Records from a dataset
----

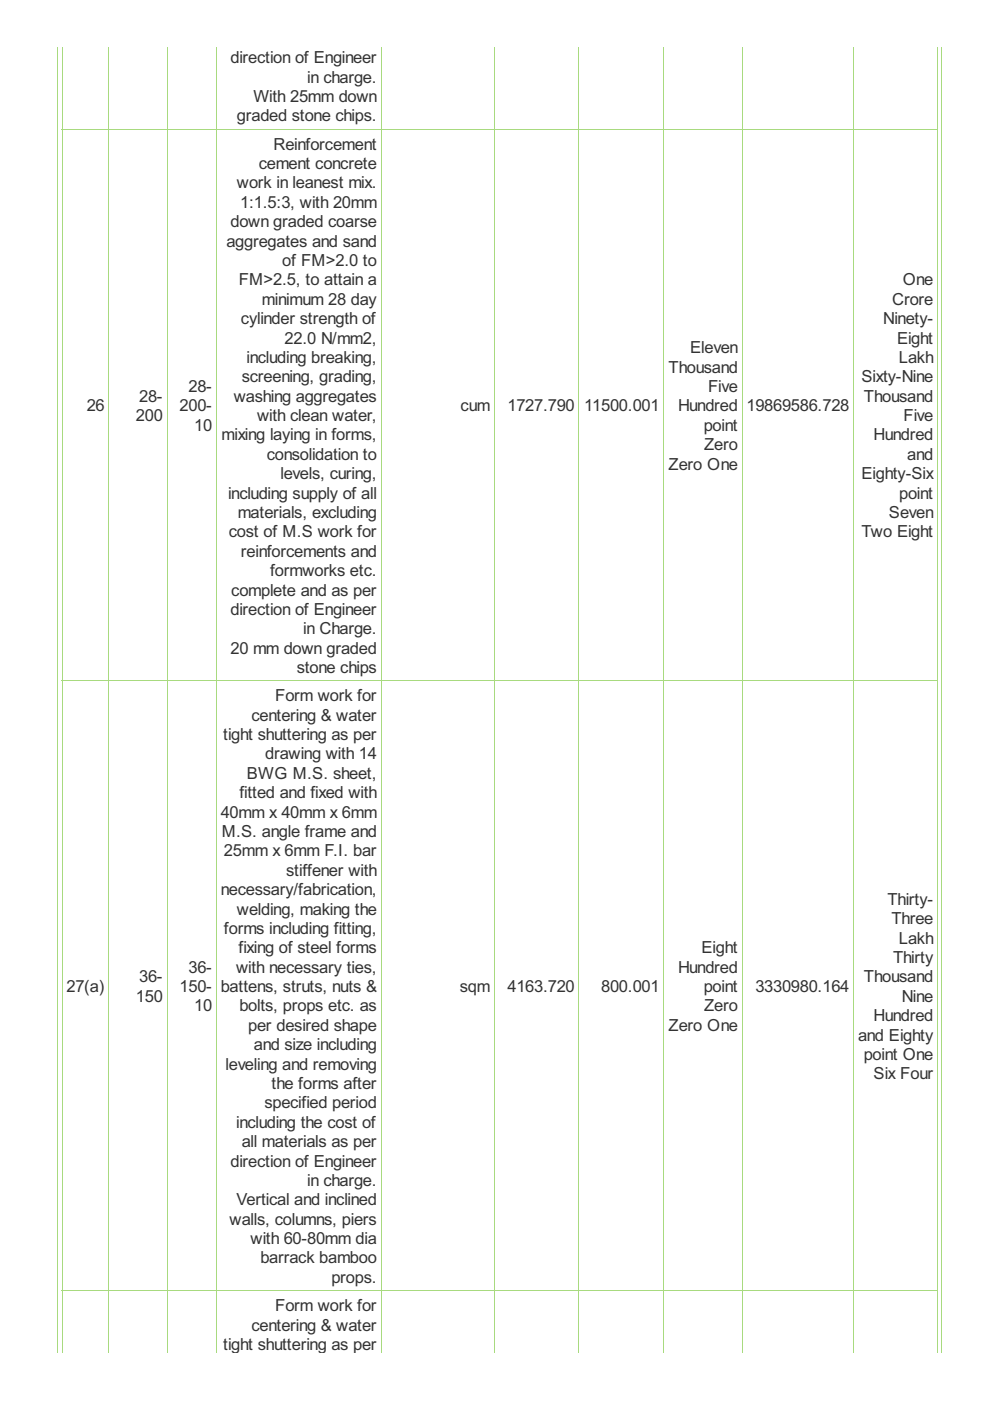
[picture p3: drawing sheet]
<svg xmlns="http://www.w3.org/2000/svg" width="210mm" height="297mm" viewBox="0 0 210 297" stroke-linecap="round" stroke-linejoin="round" font-family="sans-serif">
<defs><g id="words">
<g font-size="3.9" fill="#333">
<text x="48.9" y="13.4">direction of Engineer</text>
<text x="65.1" y="17.5">in charge.</text>
<text x="53.7" y="21.6">With 25mm down</text>
<text x="50.2" y="25.7">graded stone chips.</text>
<text x="54.9" y="35.8">cement concrete</text>
<text x="58" y="31.7">Reinforcement</text>
<text x="50.2" y="40">work in leanest mix.</text>
<text x="50.9" y="44.1">1:1.5:3, with 20mm</text>
<text x="48" y="52.3">aggregates and sand</text>
<text x="48.9" y="48.2">down graded coarse</text>
<text x="59.8" y="56.4">of FM&gt;2.0 to</text>
<text x="50.6" y="60.5">FM&gt;2.5, to attain a</text>
<text x="55.5" y="64.6">minimum 28 day</text>
<text x="189.2" y="64.6">Crore</text>
<text x="191.4" y="60.5">One</text>
<text x="51.1" y="68.7">cylinder strength of</text>
<text x="187.3" y="68.7">Ninety-</text>
<text x="52.3" y="76.9">including breaking,</text>
<text x="60.3" y="72.8">22.0 N/mm2,</text>
<text x="146.4" y="74.9">Eleven</text>
<text x="190.2" y="72.8">Eight</text>
<text x="190.5" y="76.9">Lakh</text>
<text x="40" y="83.1">28-</text>
<text x="51.3" y="81.1">screening, grading,</text>
<text x="141.7" y="79">Thousand</text>
<text x="150.1" y="83.1">Five</text>
<text x="182.7" y="81.1">Sixty-Nine</text>
<text x="18.4" y="87.2">26</text>
<text x="28.8" y="89.3">200</text>
<text x="29.5" y="85.2">28-</text>
<text x="38.1" y="87.2">200-</text>
<text x="49.5" y="85.2">washing aggregates</text>
<text x="54.5" y="89.3">with clean water,</text>
<text x="97.7" y="87.2">cum</text>
<text x="107.6" y="87.2">1727.790</text>
<text x="123.9" y="87.2">11500.001</text>
<text x="143.8" y="87.2">Hundred</text>
<text x="158.3" y="87.2">19869586.728</text>
<text x="183.2" y="85.2">Thousand</text>
<text x="191.6" y="89.3">Five</text>
<text x="41.2" y="91.3">10</text>
<text x="47" y="93.4">mixing laying in forms,</text>
<text x="149.2" y="91.3">point</text>
<text x="149.3" y="95.4">Zero</text>
<text x="185.2" y="93.4">Hundred</text>
<text x="56.6" y="97.5">consolidation to</text>
<text x="59.5" y="101.6">levels, curing,</text>
<text x="141.7" y="99.6">Zero One</text>
<text x="182.7" y="101.6">Eighty-Six</text>
<text x="192.4" y="97.5">and</text>
<text x="48.3" y="105.7">including supply of all</text>
<text x="190.7" y="105.7">point</text>
<text x="48.5" y="113.9">cost of M.S work for</text>
<text x="50.4" y="109.8">materials, excluding</text>
<text x="182.7" y="113.9">Two Eight</text>
<text x="188.5" y="109.8">Seven</text>
<text x="51.1" y="118">reinforcements and</text>
<text x="57.3" y="122.2">formworks etc.</text>
<text x="48.9" y="130.4">direction of Engineer</text>
<text x="49" y="126.3">complete and as per</text>
<text x="64.3" y="134.5">in Charge.</text>
<text x="48.9" y="138.6">20 mm down graded</text>
<text x="62.9" y="142.7">stone chips</text>
<text x="58.3" y="148.7">Form work for</text>
<text x="53.3" y="152.8">centering &amp; water</text>
<text x="47.3" y="156.9">tight shuttering as per</text>
<text x="56.2" y="161">drawing with 14</text>
<text x="52.3" y="165.1">BWG M.S. sheet,</text>
<text x="46.8" y="173.4">40mm x 40mm x 6mm</text>
<text x="50.7" y="169.2">fitted and fixed with</text>
<text x="47" y="177.5">M.S. angle frame and</text>
<text x="47.5" y="181.6">25mm x 6mm F.I. bar</text>
<text x="60.7" y="185.7">stiffener with</text>
<text x="46.8" y="189.8">necessary/fabrication,</text>
<text x="188.1" y="191.9">Thirty-</text>
<text x="50.2" y="193.9">welding, making the</text>
<text x="189" y="196">Three</text>
<text x="47.5" y="198">forms including fitting,</text>
<text x="50.6" y="202.1">fixing of steel forms</text>
<text x="148.8" y="202.1">Eight</text>
<text x="190.5" y="200.1">Lakh</text>
<text x="29.5" y="208.3">36-</text>
<text x="40" y="206.2">36-</text>
<text x="50.1" y="206.2">with necessary ties,</text>
<text x="143.8" y="206.2">Hundred</text>
<text x="183.2" y="208.3">Thousand</text>
<text x="189.3" y="204.2">Thirty</text>
<text x="14.1" y="210.3">27(a)</text>
<text x="28.8" y="212.4">150</text>
<text x="38.1" y="210.3">150-</text>
<text x="41.2" y="214.5">10</text>
<text x="46.8" y="210.3">battens, struts, nuts &amp;</text>
<text x="50.7" y="214.5">bolts, props etc. as</text>
<text x="97.5" y="210.3">sqm</text>
<text x="107.6" y="210.3">4163.720</text>
<text x="127.5" y="210.3">800.001</text>
<text x="149.2" y="210.3">point</text>
<text x="149.3" y="214.5">Zero</text>
<text x="160.2" y="210.3">3330980.164</text>
<text x="191.2" y="212.4">Nine</text>
<text x="52.6" y="218.6">per desired shape</text>
<text x="141.7" y="218.6">Zero One</text>
<text x="181.9" y="220.6">and Eighty</text>
<text x="185.2" y="216.5">Hundred</text>
<text x="47.8" y="226.8">leveling and removing</text>
<text x="53.8" y="222.7">and size including</text>
<text x="183.1" y="224.7">point One</text>
<text x="57.6" y="230.9">the forms after</text>
<text x="185.2" y="228.8">Six Four</text>
<text x="50.1" y="239.1">including the cost of</text>
<text x="56.1" y="235">specified period</text>
<text x="51.3" y="243.2">all materials as per</text>
<text x="48.9" y="247.3">direction of Engineer</text>
<text x="65.1" y="251.4">in charge.</text>
<text x="50.1" y="255.6">Vertical and inclined</text>
<text x="48.7" y="259.7">walls, columns, piers</text>
<text x="53.1" y="263.8">with 60-80mm dia</text>
<text x="55.2" y="267.9">barrack bamboo</text>
<text x="70.3" y="272">props.</text>
<text x="58.3" y="278">Form work for</text>
<text x="47.3" y="286.2">tight shuttering as per</text>
<text x="53.3" y="282.1">centering &amp; water</text>
</g>
</g></defs>
<g fill="none" stroke="#a8da7f" stroke-width=".21">
<path d="M12.1 9.9v276.9M13.2 9.9v276.9M23.1 9.9v276.9M35.4 9.9v276.9M45.9 9.9v276.9M80.8 9.9v276.9M104.8 9.9v276.9M122.8 9.9v276.9M140.7 9.9v276.9M157.3 9.9v276.9M181 9.9v276.9M198.8 9.9v276.9"/>
<path d="M199.6 9.9v276.9M13.1 27.4h185.8M13.1 144.3h185.8M13.1 273.6h185.8"/>
</g>
<use href="#words"/>
</svg>

----

#### REQUIREMENT
What is needed is every entry written out word for word, with no pictures.

#### SOLUTION TO THE PROBLEM
[picture p3: drawing sheet]
<svg xmlns="http://www.w3.org/2000/svg" width="210mm" height="297mm" viewBox="0 0 210 297" stroke-linecap="round" stroke-linejoin="round" font-family="sans-serif">
<defs><g id="words">
<g font-size="3.9" fill="#333">
<text x="48.9" y="13.4">direction of Engineer</text>
<text x="65.1" y="17.5">in charge.</text>
<text x="53.7" y="21.6">With 25mm down</text>
<text x="50.2" y="25.7">graded stone chips.</text>
<text x="54.9" y="35.8">cement concrete</text>
<text x="58" y="31.7">Reinforcement</text>
<text x="50.2" y="40">work in leanest mix.</text>
<text x="50.9" y="44.1">1:1.5:3, with 20mm</text>
<text x="48" y="52.3">aggregates and sand</text>
<text x="48.9" y="48.2">down graded coarse</text>
<text x="59.8" y="56.4">of FM&gt;2.0 to</text>
<text x="50.6" y="60.5">FM&gt;2.5, to attain a</text>
<text x="55.5" y="64.6">minimum 28 day</text>
<text x="189.2" y="64.6">Crore</text>
<text x="191.4" y="60.5">One</text>
<text x="51.1" y="68.7">cylinder strength of</text>
<text x="187.3" y="68.7">Ninety-</text>
<text x="52.3" y="76.9">including breaking,</text>
<text x="60.3" y="72.8">22.0 N/mm2,</text>
<text x="146.4" y="74.9">Eleven</text>
<text x="190.2" y="72.8">Eight</text>
<text x="190.5" y="76.9">Lakh</text>
<text x="40" y="83.1">28-</text>
<text x="51.3" y="81.1">screening, grading,</text>
<text x="141.7" y="79">Thousand</text>
<text x="150.1" y="83.1">Five</text>
<text x="182.7" y="81.1">Sixty-Nine</text>
<text x="18.4" y="87.2">26</text>
<text x="28.8" y="89.3">200</text>
<text x="29.5" y="85.2">28-</text>
<text x="38.1" y="87.2">200-</text>
<text x="49.5" y="85.2">washing aggregates</text>
<text x="54.5" y="89.3">with clean water,</text>
<text x="97.7" y="87.2">cum</text>
<text x="107.6" y="87.2">1727.790</text>
<text x="123.9" y="87.2">11500.001</text>
<text x="143.8" y="87.2">Hundred</text>
<text x="158.3" y="87.2">19869586.728</text>
<text x="183.2" y="85.2">Thousand</text>
<text x="191.6" y="89.3">Five</text>
<text x="41.2" y="91.3">10</text>
<text x="47" y="93.4">mixing laying in forms,</text>
<text x="149.2" y="91.3">point</text>
<text x="149.3" y="95.4">Zero</text>
<text x="185.2" y="93.4">Hundred</text>
<text x="56.6" y="97.5">consolidation to</text>
<text x="59.5" y="101.6">levels, curing,</text>
<text x="141.7" y="99.6">Zero One</text>
<text x="182.7" y="101.6">Eighty-Six</text>
<text x="192.4" y="97.5">and</text>
<text x="48.3" y="105.7">including supply of all</text>
<text x="190.7" y="105.7">point</text>
<text x="48.5" y="113.9">cost of M.S work for</text>
<text x="50.4" y="109.8">materials, excluding</text>
<text x="182.7" y="113.9">Two Eight</text>
<text x="188.5" y="109.8">Seven</text>
<text x="51.1" y="118">reinforcements and</text>
<text x="57.3" y="122.2">formworks etc.</text>
<text x="48.9" y="130.4">direction of Engineer</text>
<text x="49" y="126.3">complete and as per</text>
<text x="64.3" y="134.5">in Charge.</text>
<text x="48.9" y="138.6">20 mm down graded</text>
<text x="62.9" y="142.7">stone chips</text>
<text x="58.3" y="148.7">Form work for</text>
<text x="53.3" y="152.8">centering &amp; water</text>
<text x="47.3" y="156.9">tight shuttering as per</text>
<text x="56.2" y="161">drawing with 14</text>
<text x="52.3" y="165.1">BWG M.S. sheet,</text>
<text x="46.8" y="173.4">40mm x 40mm x 6mm</text>
<text x="50.7" y="169.2">fitted and fixed with</text>
<text x="47" y="177.5">M.S. angle frame and</text>
<text x="47.5" y="181.6">25mm x 6mm F.I. bar</text>
<text x="60.7" y="185.7">stiffener with</text>
<text x="46.8" y="189.8">necessary/fabrication,</text>
<text x="188.1" y="191.9">Thirty-</text>
<text x="50.2" y="193.9">welding, making the</text>
<text x="189" y="196">Three</text>
<text x="47.5" y="198">forms including fitting,</text>
<text x="50.6" y="202.1">fixing of steel forms</text>
<text x="148.8" y="202.1">Eight</text>
<text x="190.5" y="200.1">Lakh</text>
<text x="29.5" y="208.3">36-</text>
<text x="40" y="206.2">36-</text>
<text x="50.1" y="206.2">with necessary ties,</text>
<text x="143.8" y="206.2">Hundred</text>
<text x="183.2" y="208.3">Thousand</text>
<text x="189.3" y="204.2">Thirty</text>
<text x="14.1" y="210.3">27(a)</text>
<text x="28.8" y="212.4">150</text>
<text x="38.1" y="210.3">150-</text>
<text x="41.2" y="214.5">10</text>
<text x="46.8" y="210.3">battens, struts, nuts &amp;</text>
<text x="50.7" y="214.5">bolts, props etc. as</text>
<text x="97.5" y="210.3">sqm</text>
<text x="107.6" y="210.3">4163.720</text>
<text x="127.5" y="210.3">800.001</text>
<text x="149.2" y="210.3">point</text>
<text x="149.3" y="214.5">Zero</text>
<text x="160.2" y="210.3">3330980.164</text>
<text x="191.2" y="212.4">Nine</text>
<text x="52.6" y="218.6">per desired shape</text>
<text x="141.7" y="218.6">Zero One</text>
<text x="181.9" y="220.6">and Eighty</text>
<text x="185.2" y="216.5">Hundred</text>
<text x="47.8" y="226.8">leveling and removing</text>
<text x="53.8" y="222.7">and size including</text>
<text x="183.1" y="224.7">point One</text>
<text x="57.6" y="230.9">the forms after</text>
<text x="185.2" y="228.8">Six Four</text>
<text x="50.1" y="239.1">including the cost of</text>
<text x="56.1" y="235">specified period</text>
<text x="51.3" y="243.2">all materials as per</text>
<text x="48.9" y="247.3">direction of Engineer</text>
<text x="65.1" y="251.4">in charge.</text>
<text x="50.1" y="255.6">Vertical and inclined</text>
<text x="48.7" y="259.7">walls, columns, piers</text>
<text x="53.1" y="263.8">with 60-80mm dia</text>
<text x="55.2" y="267.9">barrack bamboo</text>
<text x="70.3" y="272">props.</text>
<text x="58.3" y="278">Form work for</text>
<text x="47.3" y="286.2">tight shuttering as per</text>
<text x="53.3" y="282.1">centering &amp; water</text>
</g>
</g></defs>
<g fill="none" stroke="#a8da7f" stroke-width=".21">
<path d="M12.1 9.9v276.9M13.2 9.9v276.9M23.1 9.9v276.9M35.4 9.9v276.9M45.9 9.9v276.9M80.8 9.9v276.9M104.8 9.9v276.9M122.8 9.9v276.9M140.7 9.9v276.9M157.3 9.9v276.9M181 9.9v276.9M198.8 9.9v276.9"/>
<path d="M199.6 9.9v276.9M13.1 27.4h185.8M13.1 144.3h185.8M13.1 273.6h185.8"/>
</g>
<use href="#words"/>
</svg>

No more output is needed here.